Джоанн Харрис - Пять четвертинок апельсина
И кто же явится после бесконечных ожиданий? Старик Лекос со слезящимися ревматичными глазками? Или Альфонс Фенуй, или Жан-Пьер Трюриан? Втайне она мечтает о незнакомце с вкрадчивым голосом. Рисует его в своем воображении, того, кто сквозь ее нынешнюю внешность разглядит то, что у нее внутри.

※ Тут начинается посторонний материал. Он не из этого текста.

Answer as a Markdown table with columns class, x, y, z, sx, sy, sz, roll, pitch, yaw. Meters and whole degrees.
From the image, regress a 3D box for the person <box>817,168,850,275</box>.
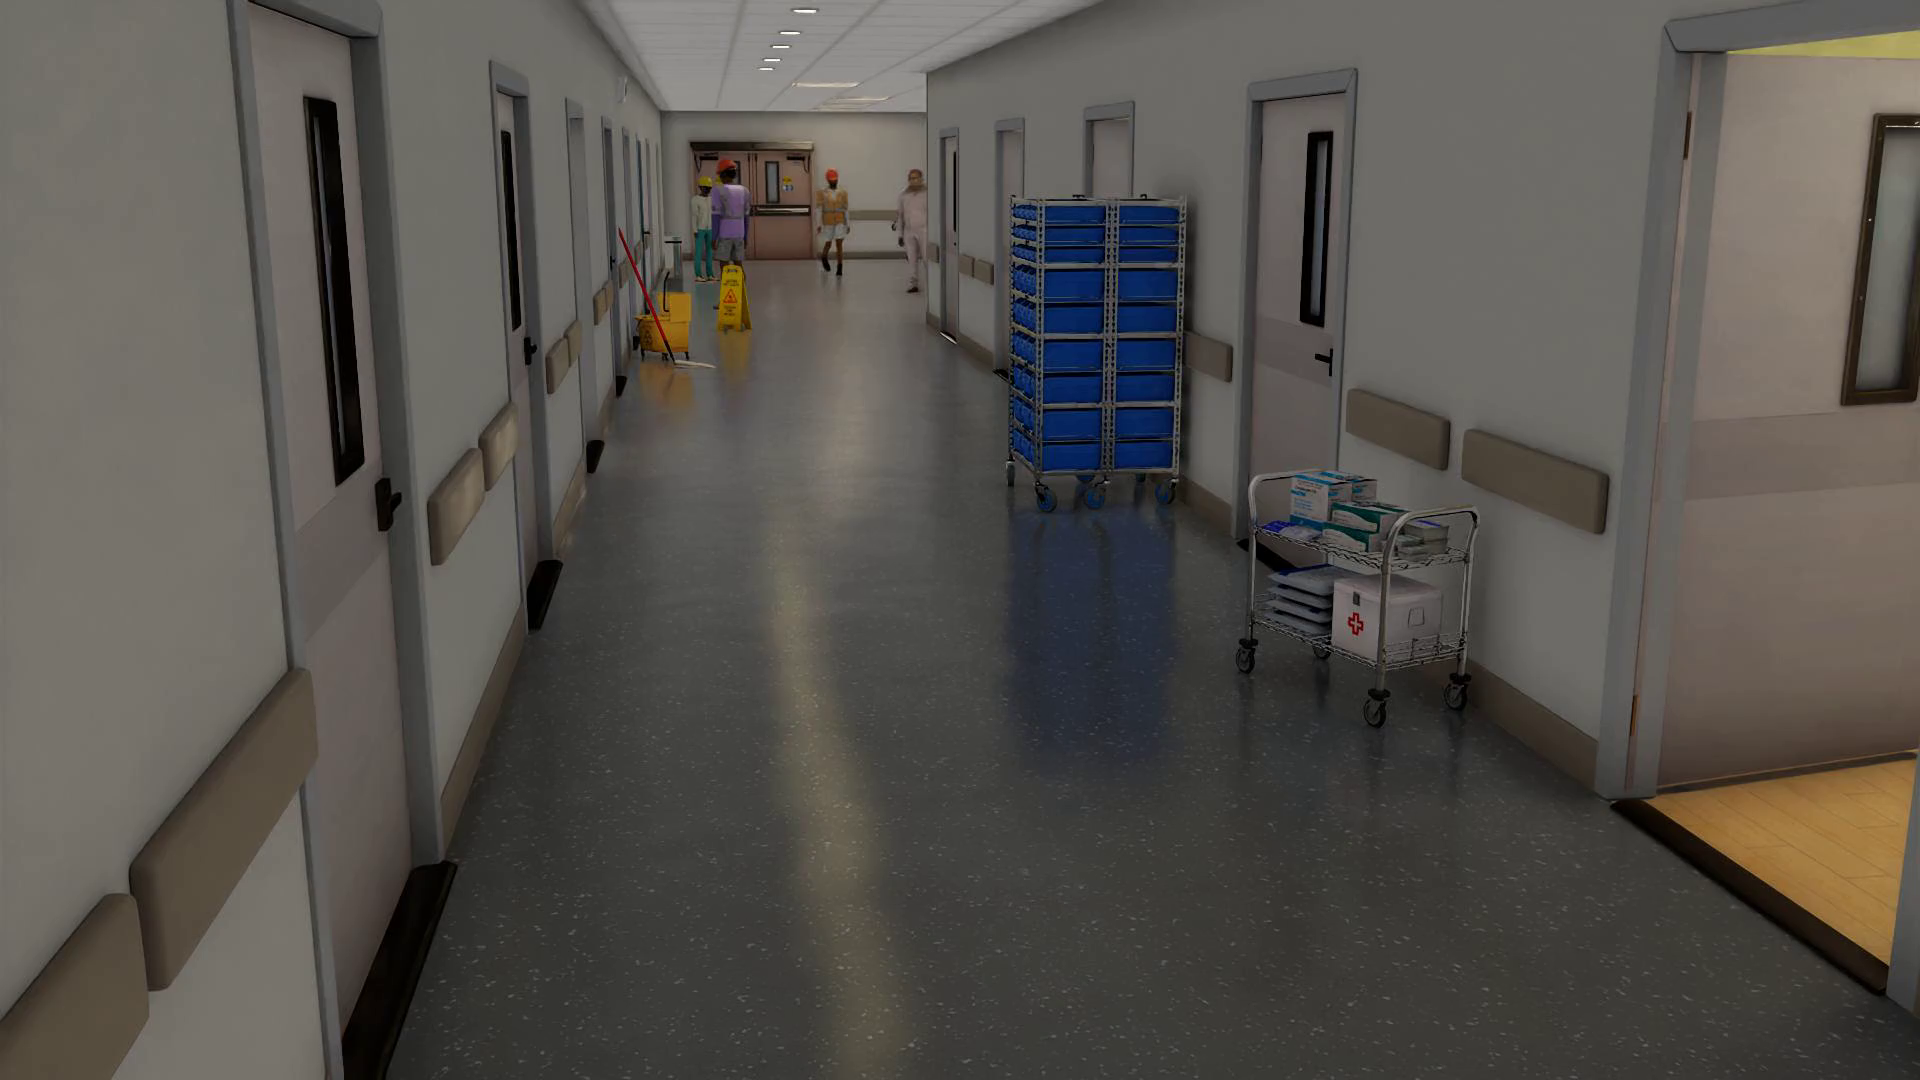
| class | x | y | z | sx | sy | sz | roll | pitch | yaw |
| --- | --- | --- | --- | --- | --- | --- | --- | --- | --- |
| person | -2.283 | -5.718 | 29.872 | 0.585 | 1.903 | 0.792 | -3 | 13 | -11 |

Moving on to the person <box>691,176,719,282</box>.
| class | x | y | z | sx | sy | sz | roll | pitch | yaw |
| --- | --- | --- | --- | --- | --- | --- | --- | --- | --- |
| person | -4.284 | -5.235 | 28.037 | 0.517 | 1.757 | 0.342 | -12 | 17 | -42 |

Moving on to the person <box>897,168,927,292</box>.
| class | x | y | z | sx | sy | sz | roll | pitch | yaw |
| --- | --- | --- | --- | --- | --- | --- | --- | --- | --- |
| person | -0.633 | -4.780 | 25.738 | 0.682 | 1.914 | 0.494 | 4 | 13 | 16 |

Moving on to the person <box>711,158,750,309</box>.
| class | x | y | z | sx | sy | sz | roll | pitch | yaw |
| --- | --- | --- | --- | --- | --- | --- | --- | --- | --- |
| person | -3.139 | -4.148 | 22.607 | 0.609 | 2.032 | 0.410 | -12 | 18 | -43 |

Конечно, мне неоткуда узнать, что она чувствовала, но я стала к ней ближе, чем когда-либо, настолько близко, что почти слышу с иссохших страничек альбома ее голос, который ожесточенно силится скрыть за внешней холодностью суть — женщину, полную страсти и отчаяния.
Вы понимаете, это просто мои домыслы. Никогда впрямую она не называла его имени. Я даже не могу утверждать, что у нее был любовник, не говоря уже о том, что это — Томас Лейбниц. Но что-то подсказывает мне, что хоть в деталях я могу и ошибаться, но в главном я права. Это мог быть кто угодно, убеждаю я себя. А сердце мне тайно твердит, что им мог быть Томас, и больше никто. Возможно, я гораздо сильней похожа на нее, чем мне бы хотелось. Возможно, она это знала и завещала мне альбом специально для того, чтоб попытаться дать мне это понять.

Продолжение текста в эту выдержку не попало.